Arterial pressure development in neonatal and young spontaneously hypertensive rats.

Systemic arterial pressure of spontaneously hypertensive rats (SHR) were not detectably different from control rats prior to 3 weeks of age. Arterial pressure was elevated in SHR at 4 weeks compared to Wistar-Kyoto rats. Thus, the term 'prehypertensive stage' should probably be reserved for animals less than 1 month of age when this model is examined.

Mechanism of vascular hyperresponsiveness in the spontaneously hypertensive rat.

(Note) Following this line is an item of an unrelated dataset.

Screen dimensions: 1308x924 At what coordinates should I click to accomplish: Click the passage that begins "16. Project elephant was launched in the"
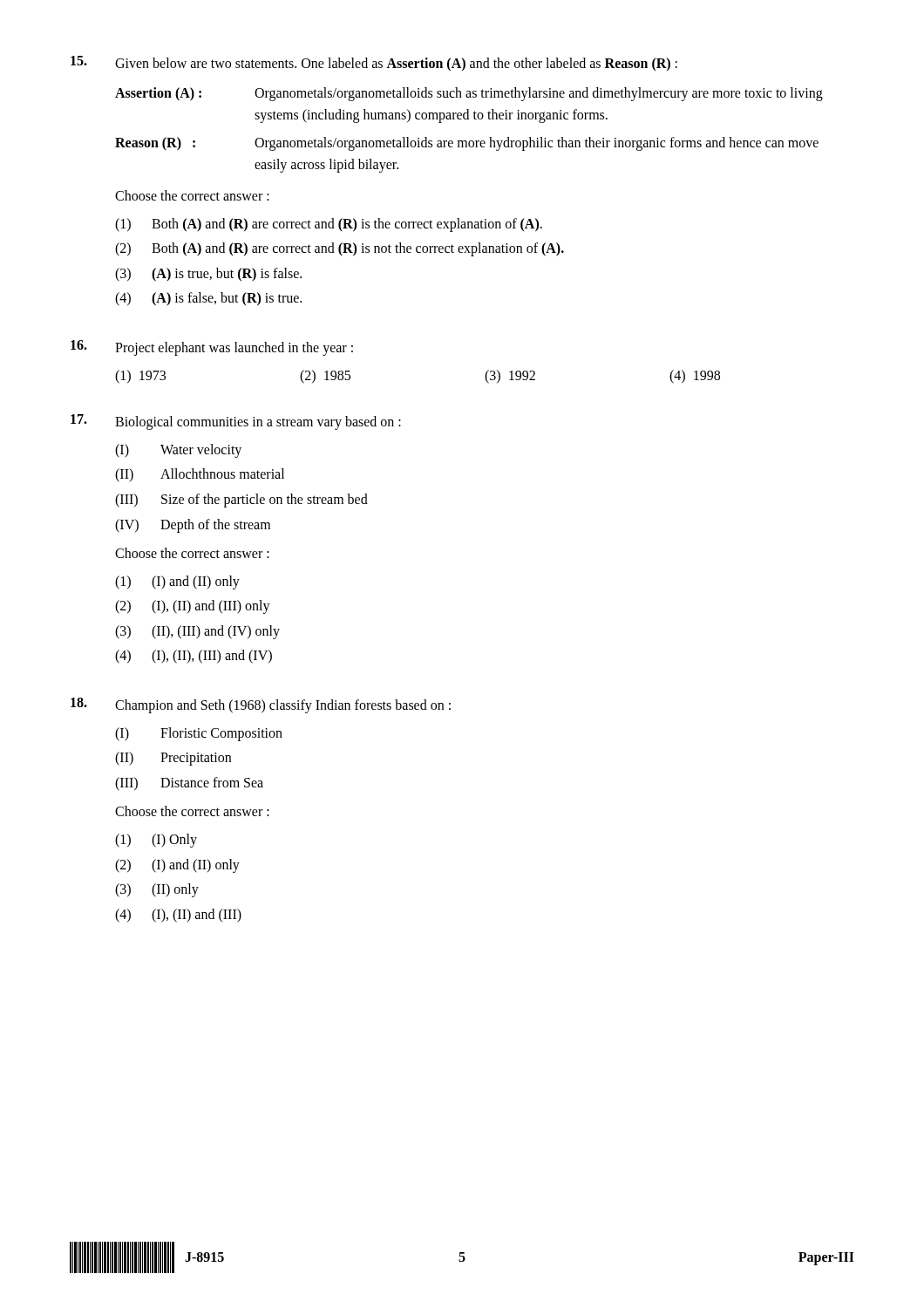(212, 348)
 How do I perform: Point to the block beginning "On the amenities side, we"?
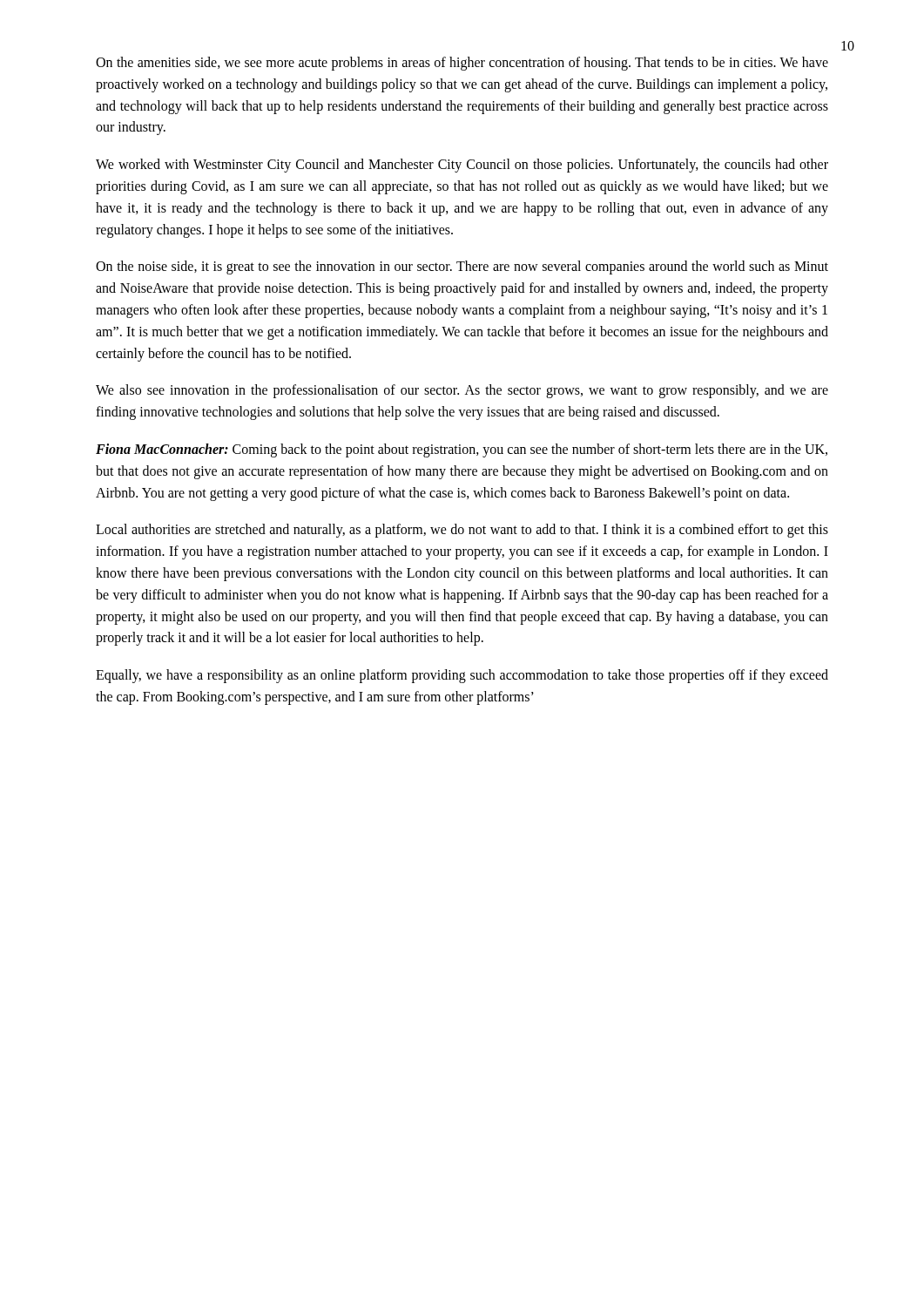pyautogui.click(x=462, y=95)

Hyperresponsiveness of resistance vessels has been described in various vascular beds of spontaneously hypertensive rats perfused with artificial medium. This change has been attributed to altered vascular dimensions secondary to the development of hypertension. To test the possibility that true changes in sensitivity might contribute independently to vasoconstrictor hyperresponsiveness in spontaneously hypertensive rats, threshold vasoconstrictor doses of norepinephrine and barium chloride were determined in denervated hindquarters of rats perfused at constant flow with autologous blood. Threshold constrictor responses to norepinephrine were elicited in the hypertensive rats at concentrations averaging less than one-third that required in controls. Threshold vasoconstrictor concentrations of barium were not significantly different between the two groups. The ratio of norepinephrine/barium sensitivity was also significantly elevated in the hypertensive group. These data suggest that in the presence of a full humoral complement, excitability (barium sensitivity) in resistance vessels of spontaneously hypertensive rats is not altered, whereas the smooth muscle is hypersensitive to norepinephrine. Thus, it appears that changes in sensitivity as well as altered vascular geometry are important in the production of vascular hyperresponsiveness in the spontaneously hypertensive rat.